Voice Cloning | Blog - Respeecher

Code[ish] Podcast: The Ethical and Technical Side of Deep Fakes featuring Respeecher

Written by Orysia Khimiak | Jan 28, 2021 1:02:06 PM

We’ve recently been invited to talk about deep fakes at Code[ish], a podcast created by Salesforce’s developer advocate team Heroku, exploring subjects like code, technology, tools, tips, and the life of the developer. 

During two episodes hosted by Julián Duque, our CEO Alex Serdiuk and CTO Dmytro Bielievtsov talk about ethical deep fakes and the technical aspects of creating them.

Listen to The Ethical Side of Deep Fakes and The Technical Side of Deep Fakes to broaden your knowledge about synthetic media, specifically voice synthesis.

The synthetic media industry is based on AI generated media including technologies such as text, music, video, image and AI voice generation. For example, CGI and Photoshop generate synthetic media, because they help others create modified content. At this point, synthesized video is much more advanced than synthesized audio.

The ethical side of deep fakes

Alex explains where Respeecher fits into all of this. We aim to revolutionize the way content is produced, by bringing more flexibility in industries like entertainment, video games, advertising, and more through the use of our speech-to-speech voice conversion technology.

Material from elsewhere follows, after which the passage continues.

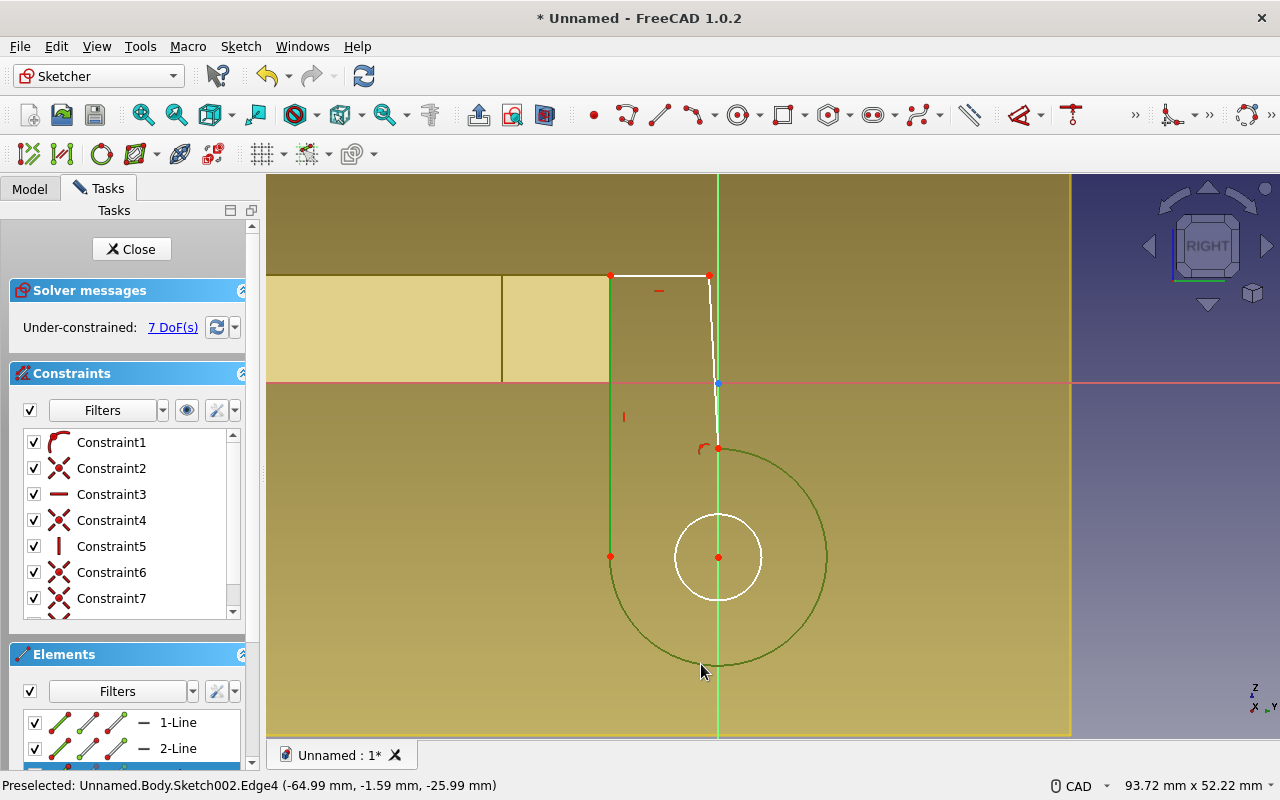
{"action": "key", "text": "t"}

Voice conversion use cases

  • It’s hard to schedule top actors for voiceover or dubbing work. Voice cloning (or conversion) allows you to scale any voice and gives you the flexibility to record new lines anytime.

  • Resurrect voices from the past: Bring back the voice of an actor who has passed away. Maybe you want to add a historical voice to a project.

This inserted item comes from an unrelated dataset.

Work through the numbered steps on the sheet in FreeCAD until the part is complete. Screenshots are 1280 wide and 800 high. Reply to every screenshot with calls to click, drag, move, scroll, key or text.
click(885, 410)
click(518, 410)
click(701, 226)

  • Record any voice in any language: Ready to capture an overseas audience? Speech-to-speech language agnostic technology empowers you to record in any language.

  • Add dialogue anytime: Decided to add a few lines after filming? Just turn on your microphone and start speaking - without calling an actor back into the studio.

  • Replicate children’s voices: Kids say the darndest things - but they’re challenging to work with. Read more on this topic in our article about voice conversion for children’s voices.

The technical side of deep fakes

Dmytro explains how synthetic audio is produced and why it’s hard to fake. In general terms, there are already a few speech Machine Learning (ML) models already available on the internet, but the best way to clone a voice in a quality manner is to use an audiobook as a sample of the original speaker and to combine it with these pre-existing models. 

The problem here is that the outputs produced by these models are poor in quality, so that's one reason why speech-to-speech technology is hard to fake. Human linguistic variations and patterns and the emotional compound of the speech make the process of voice cloning difficult.

In fact, unlike text-to-speech technologies (TTS) that may produce dull content, speech-to-speech software (STS)  generates more natural content, by preserving the voice intonations and the emotion of the original speaker.

Main concerns about the usage of unethical deep fakes

The main concern about deep fakes is the risk for them to be used in an unethical way, to pretend that someone said or did something that never happened. But it’s also true that all technologies have potentially malicious uses in the hands of the wrong people. 

Dmytro offers more details about what deep fakes are from a technical point of view: a technology that uses deep learning and deep neural networks to fake a video/audio and replace it with another piece of video or audio content.

The term “deep fake” is used now for everything that involves synthesizing human appearance using a neural network.